7. Applications and Future Directions
Multimodal model merging is now a primary technique for:
- Training-free composition of “omnimodal” LLMs spanning vision, audio, video, code, and geometric inputs (Wei et al., 26 May 2025, Chen et al., 2024).
- Catastrophic forgetting mitigation under sequential task additions (Yu et al., 22 May 2025, Li et al., 21 May 2025, Dziadzio et al., 2024).
- Lifelong/continual learning within decentralized and federated model repositories (Dziadzio et al., 2024).
- Building lightweight, high-accuracy, unified reasoning models (e.g., Tiny-R1V with AMM (Yin et al., 10 Oct 2025)) for edge or real-time multimodal inference.

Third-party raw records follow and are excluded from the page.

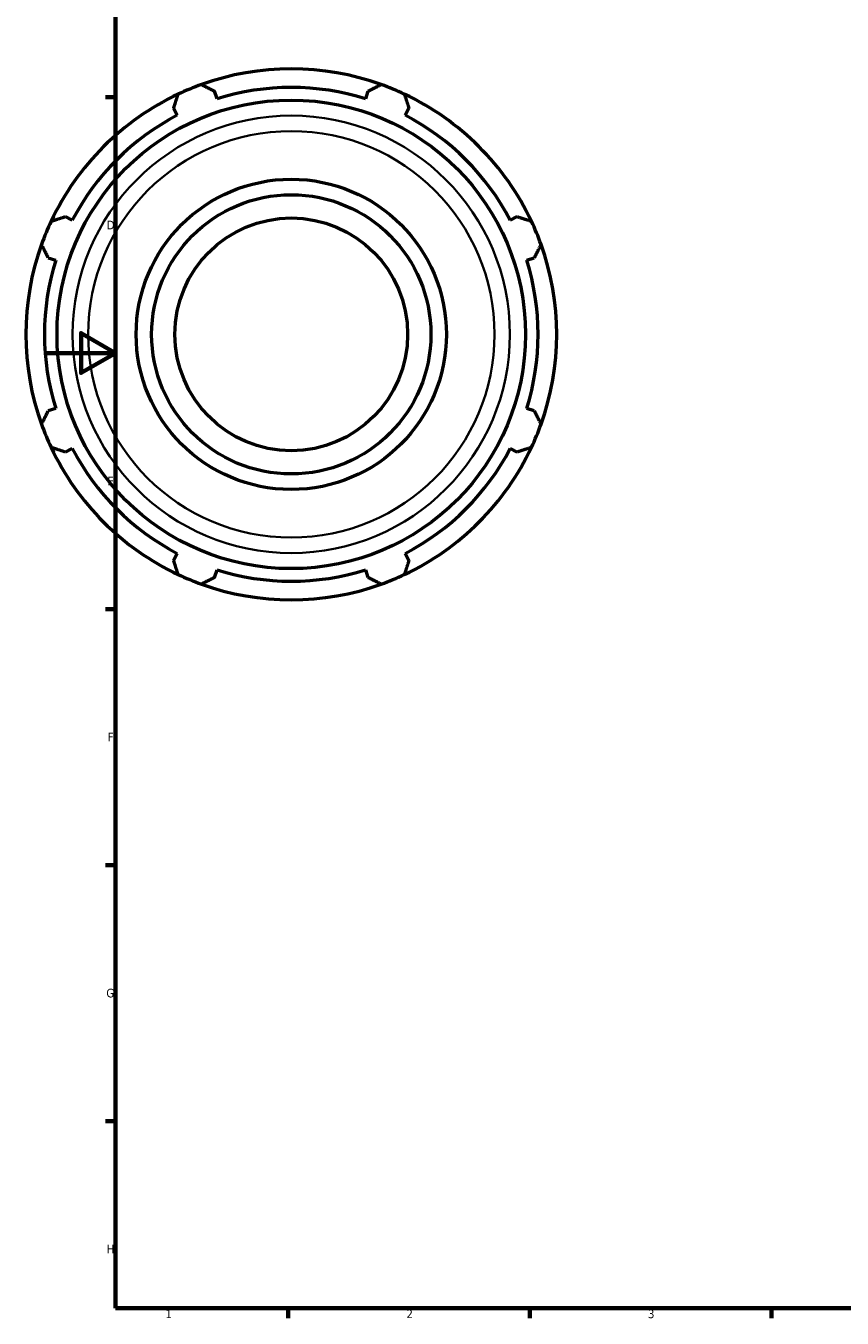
# Model space of a CAD drawing. Header units: millimetres. Extents: x -309 to 1148, y -58 to 854.
# Tile 1 of 9: x -6 to 231, y 17 to 392. Entities that reach past the tile are written whole.
import ezdxf

# ---------------------------------------------------------------- set-up
doc = ezdxf.new("R2010")
doc.units = ezdxf.units.MM
for name, color, linetype, lineweight in [('Border (ISO)', 7, 'Continuous', 70), ('Visible (ISO)', 7, 'Continuous', 50), ('Visible Narrow (ISO)', 7, 'Continuous', 35)]:
    doc.layers.add(name, color=color, linetype=linetype, lineweight=lineweight)
doc.styles.add('Note Text (ISO)', font='tahoma.ttf')

# ---------------------------------------------------------------- blocks, each defined once
blk = doc.blocks.new('Borders Default Border')
at = {"layer": 'Border (ISO)'}
for p, q in [((20, 371.25), (17.1, 371.25)), ((20, 222.75), (17.1, 222.75)), ((20, 148.5), (17.1, 148.5)), ((20, 74.25), (17.1, 74.25)), ((70.08, 20), (70.08, 17.1)), ((140.17, 20), (140.17, 17.1)), ((210.25, 20), (210.25, 17.1))]:
    blk.add_line(p, q, dxfattribs=at)
at = {"layer": 'Border (ISO)', "flags": 128}
for points in [[(20, 20), (20, 574), (821, 574), (821, 20), (20, 20)], [(0, 297), (20, 297), (10, 302.77), (10, 291.23), (20, 297)]]:
    blk.add_lwpolyline(points, dxfattribs=at)
at = {"layer": 'Border (ISO)', "color": 232, "true_color": 0xca0064, "char_height": 2.5, "attachment_point": 7, "style": 'Note Text (ISO)'}
for s, insert in [('D', (17.43, 332.88)), ('E', (17.64, 258.63)), ('F', (17.7, 184.38)), ('G', (17.31, 110.08)), ('H', (17.44, 35.88)), ('1', (34.48, 17.1)), ('2', (104.37, 17.1)), ('3', (174.43, 17.05))]:
    blk.add_mtext(s, dxfattribs=dict(at, insert=insert))

msp = doc.modelspace()

# ---------------------------------------------------------------- linework, layer by layer
at = {"layer": 'Visible (ISO)'}
for p, q in [((49.425, 370.723), (48.73, 372.926)), ((93.187, 372.926), (92.492, 370.723)), ((36.826, 367.995), (37.893, 365.946)), ((104.024, 365.946), (105.091, 367.995)), ((7.44, 335.493), (5.391, 336.56)), ((136.526, 336.56), (134.477, 335.493)), ((0.46, 324.656), (2.663, 323.961)), ((139.254, 323.961), (141.457, 324.656)), ((2.663, 280.894), (0.46, 280.199)), ((141.457, 280.199), (139.254, 280.894)), ((5.391, 268.295), (7.44, 269.362)), ((134.477, 269.362), (136.526, 268.295)), ((37.893, 238.909), (36.826, 236.86)), ((105.091, 236.86), (104.024, 238.909)), ((48.73, 231.929), (49.425, 234.132)), ((92.492, 234.132), (93.187, 231.929))]:
    msp.add_line(p, q, dxfattribs=at)
for radius in [67.955, 45, 40.5, 33.75]:
    msp.add_circle((70.959, 302.427), radius, dxfattribs=at)
for radius, start, end in [(77, 70.20802, 109.79198), (77, 109.79198, 115.20802), (77, 64.79198, 70.20802), (77, 115.20802, 154.79198), (71.61, 72.5, 107.5), (77, 25.20802, 64.79198), (71.61, 117.5, 152.5), (71.61, 27.5, 62.5), (77, 154.79198, 160.20802), (77, 19.79198, 25.20802), (77, 160.20802, 199.79198), (77, 340.20802, 19.79198), (71.61, 162.5, 197.5), (71.61, 342.5, 17.5), (77, 199.79198, 205.20802), (77, 334.79198, 340.20802), (77, 205.20802, 244.79198), (71.61, 207.5, 242.5), (77, 295.20802, 334.79198), (71.61, 297.5, 332.5), (77, 244.79198, 250.20802), (71.61, 252.5, 287.5), (77, 289.79198, 295.20802), (77, 250.20802, 289.79198)]:
    msp.add_arc((70.959, 302.427), radius, start, end, dxfattribs=at)
for points, weights in [([(44.886, 374.879), (46.847, 373.883), (48.73, 372.926)], [1, 1.00131168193, 1.00180661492]), ([(93.187, 372.926), (95.07, 373.883), (97.031, 374.879)], [1.00180661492, 1.00131168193, 1]), ([(36.826, 367.995), (37.481, 370.003), (38.164, 372.094)], [1.00180661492, 1.00131168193, 1]), ([(103.753, 372.094), (104.436, 370.003), (105.091, 367.995)], [1, 1.00131168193, 1.00180661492]), ([(1.291, 335.222), (3.383, 335.905), (5.391, 336.56)], [1, 1.00131168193, 1.00180661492]), ([(136.526, 336.56), (138.534, 335.905), (140.626, 335.222)], [1.00180661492, 1.00131168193, 1]), ([(0.46, 324.656), (-0.497, 326.539), (-1.493, 328.5)], [1.00180661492, 1.00131168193, 1]), ([(143.41, 328.5), (142.414, 326.539), (141.457, 324.656)], [1, 1.00131168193, 1.00180661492]), ([(-1.493, 276.355), (-0.497, 278.316), (0.46, 280.199)], [1, 1.00131168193, 1.00180661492]), ([(141.457, 280.199), (142.414, 278.316), (143.41, 276.355)], [1.00180661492, 1.00131168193, 1]), ([(5.391, 268.295), (3.383, 268.95), (1.291, 269.633)], [1.00180661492, 1.00131168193, 1]), ([(140.626, 269.633), (138.534, 268.95), (136.526, 268.295)], [1, 1.00131168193, 1.00180661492]), ([(38.164, 232.76), (37.481, 234.852), (36.826, 236.86)], [1, 1.00131168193, 1.00180661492]), ([(105.091, 236.86), (104.436, 234.852), (103.753, 232.76)], [1.00180661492, 1.00131168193, 1]), ([(48.73, 231.929), (46.847, 230.972), (44.886, 229.976)], [1.00180661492, 1.00131168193, 1]), ([(97.031, 229.976), (95.07, 230.972), (93.187, 231.929)], [1, 1.00131168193, 1.00180661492])]:
    msp.add_rational_spline(points, weights, degree=2, dxfattribs=at)
at = {"layer": 'Visible Narrow (ISO)'}
for radius in [63.424, 58.948]:
    msp.add_circle((70.959, 302.427), radius, dxfattribs=at)

# ---------------------------------------------------------------- block references
msp.add_blockref('Borders Default Border', (0, 0))

doc.saveas('drawing.dxf')

The combination of merging (for “fast path” fusion of experts), masking (for retention/decoupling), and targeted regularization (for conflict mitigation) is likely to remain foundational as the scale and scope of multimodal models expand. Benchmarks such as MCUB, InfiBench-V, and the FoMo-in-Flux suite will enable sustained, comparable empirical progress. Advances in unsupervised hyperparameter search, layer/chunk-aware merging, and dynamic/soft routers represent active research directions.
Ongoing work aims for robust, scalable, and theory-grounded model merging frameworks that can efficiently support continual multimodal expansion with minimal catastrophic forgetting and maximal synergy (Yang et al., 2024, Wang et al., 12 Jan 2026, Wei et al., 26 May 2025).